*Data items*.
##############################
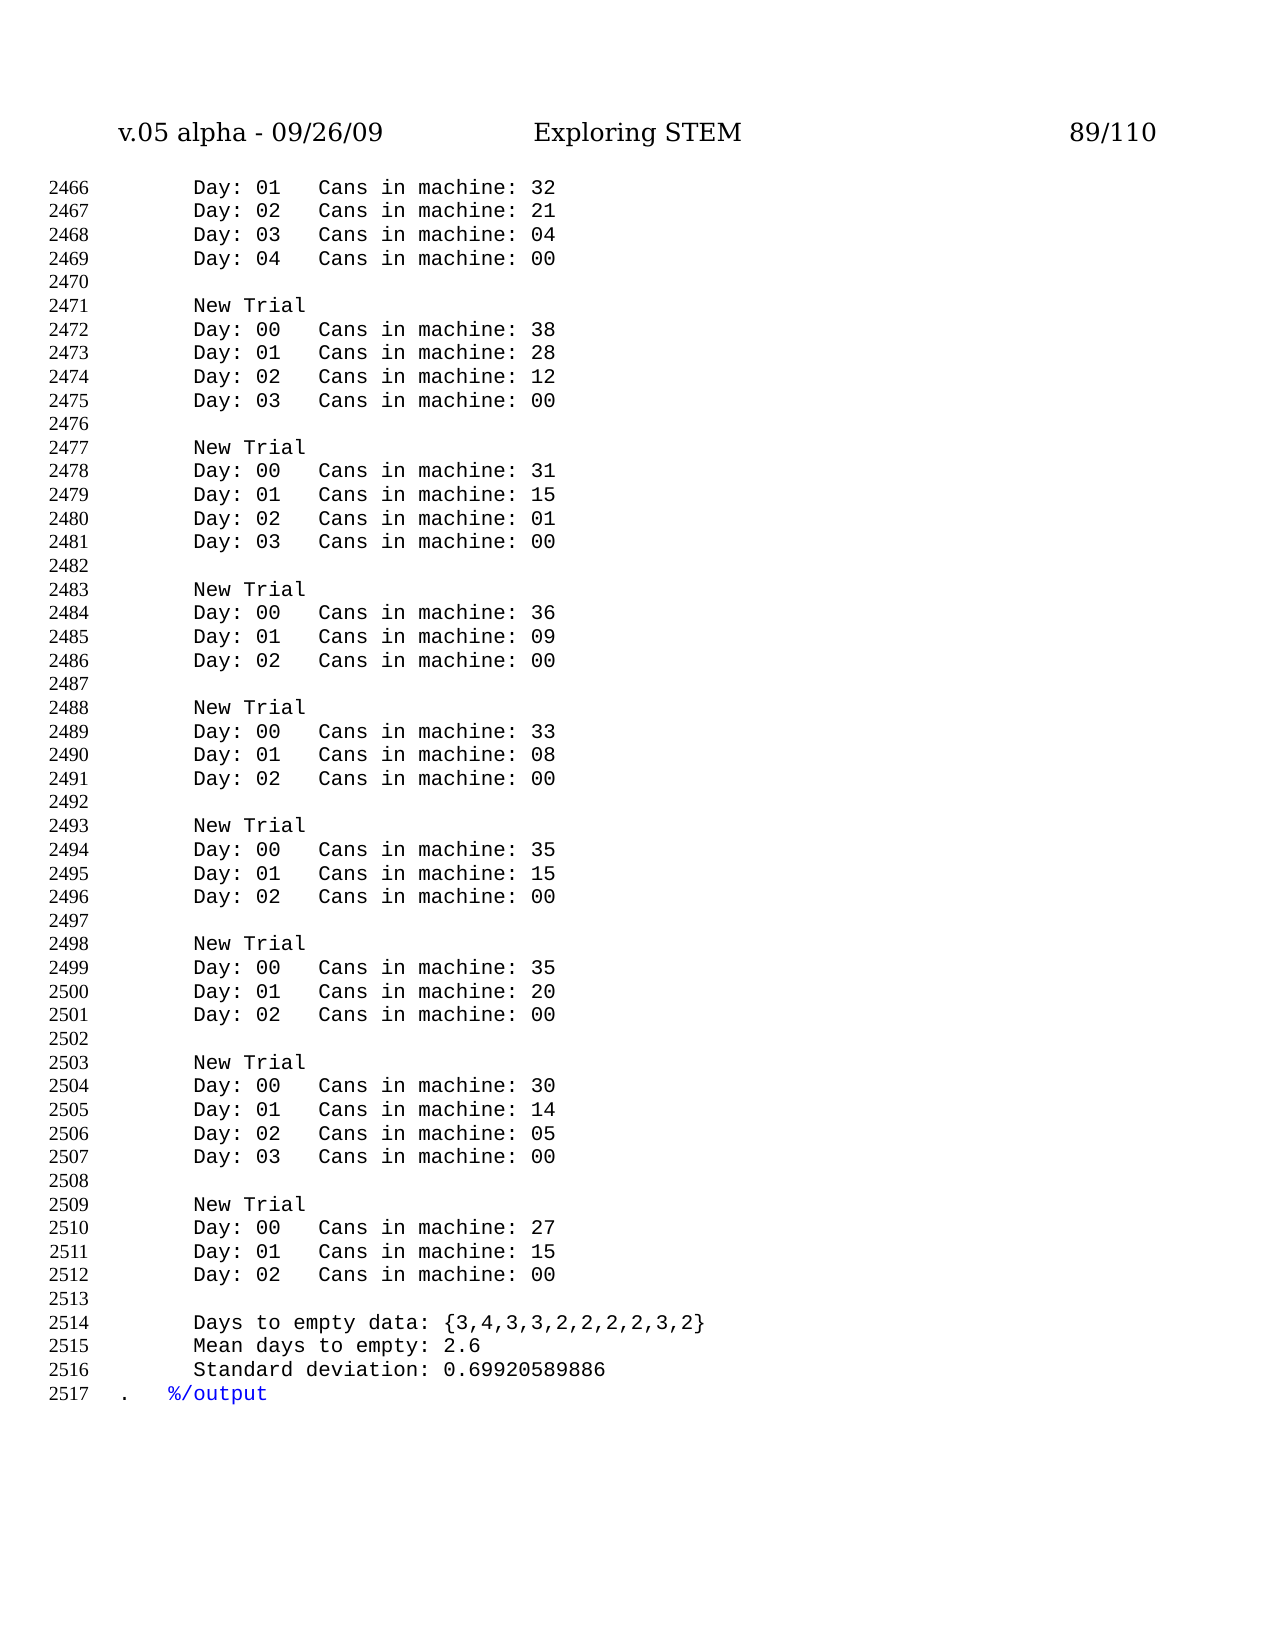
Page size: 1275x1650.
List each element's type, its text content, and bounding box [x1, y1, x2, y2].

text Day: 00 Cans in machine: 35 [118, 957, 1157, 981]
text Day: 02 Cans in machine: 21 [118, 200, 1157, 224]
text Mean days to empty: 2.6 [118, 1335, 1157, 1359]
text Day: 02 Cans in machine: 00 [118, 1264, 1157, 1288]
text Day: 02 Cans in machine: 00 [118, 886, 1157, 910]
text Standard deviation: 0.69920589886 [118, 1359, 1157, 1383]
text Day: 00 Cans in machine: 35 [118, 839, 1157, 862]
text Day: 02 Cans in machine: 00 [118, 1004, 1157, 1028]
text Day: 00 Cans in machine: 36 [118, 602, 1157, 626]
text Day: 01 Cans in machine: 20 [118, 981, 1157, 1004]
text New Trial [118, 295, 1157, 319]
text Day: 00 Cans in machine: 33 [118, 721, 1157, 744]
text Day: 00 Cans in machine: 31 [118, 461, 1157, 484]
text New Trial [118, 815, 1157, 839]
text . %/output [118, 1383, 1157, 1406]
text New Trial [118, 933, 1157, 957]
text Day: 02 Cans in machine: 00 [118, 768, 1157, 792]
text Day: 02 Cans in machine: 05 [118, 1123, 1157, 1146]
text Day: 03 Cans in machine: 00 [118, 531, 1157, 555]
text Day: 03 Cans in machine: 00 [118, 1146, 1157, 1170]
text Day: 00 Cans in machine: 27 [118, 1217, 1157, 1241]
text Day: 00 Cans in machine: 38 [118, 319, 1157, 342]
text Day: 02 Cans in machine: 12 [118, 366, 1157, 389]
text Day: 03 Cans in machine: 04 [118, 224, 1157, 248]
text New Trial [118, 1193, 1157, 1217]
text Day: 03 Cans in machine: 00 [118, 389, 1157, 413]
text New Trial [118, 437, 1157, 461]
text Day: 02 Cans in machine: 00 [118, 650, 1157, 673]
text New Trial [118, 697, 1157, 721]
text Day: 02 Cans in machine: 01 [118, 508, 1157, 531]
text Day: 01 Cans in machine: 15 [118, 862, 1157, 886]
text Day: 01 Cans in machine: 14 [118, 1099, 1157, 1123]
text Day: 01 Cans in machine: 15 [118, 1241, 1157, 1264]
text Day: 00 Cans in machine: 30 [118, 1075, 1157, 1099]
text Day: 04 Cans in machine: 00 [118, 248, 1157, 271]
text Day: 01 Cans in machine: 32 [118, 177, 1157, 200]
text New Trial [118, 579, 1157, 602]
text New Trial [118, 1052, 1157, 1075]
text Day: 01 Cans in machine: 08 [118, 744, 1157, 768]
text Days to empty data: {3,4,3,3,2,2,2,2,3,2} [118, 1312, 1157, 1335]
text Day: 01 Cans in machine: 09 [118, 626, 1157, 650]
text Day: 01 Cans in machine: 28 [118, 342, 1157, 366]
text Day: 01 Cans in machine: 15 [118, 484, 1157, 508]
##############################
*What you will do*. Look above for the line holding "text New Trial [118, 1193, 1157, 1217]" and the line holding "text Day: 01 Cans in machine: 15 [118, 862, 1157, 886]". Retype both, and every line between them, word for word and nothing else.

*Task output*.
text New Trial [118, 1193, 1157, 1217]
text Day: 03 Cans in machine: 00 [118, 389, 1157, 413]
text New Trial [118, 437, 1157, 461]
text Day: 02 Cans in machine: 00 [118, 650, 1157, 673]
text New Trial [118, 697, 1157, 721]
text Day: 02 Cans in machine: 01 [118, 508, 1157, 531]
text Day: 01 Cans in machine: 15 [118, 862, 1157, 886]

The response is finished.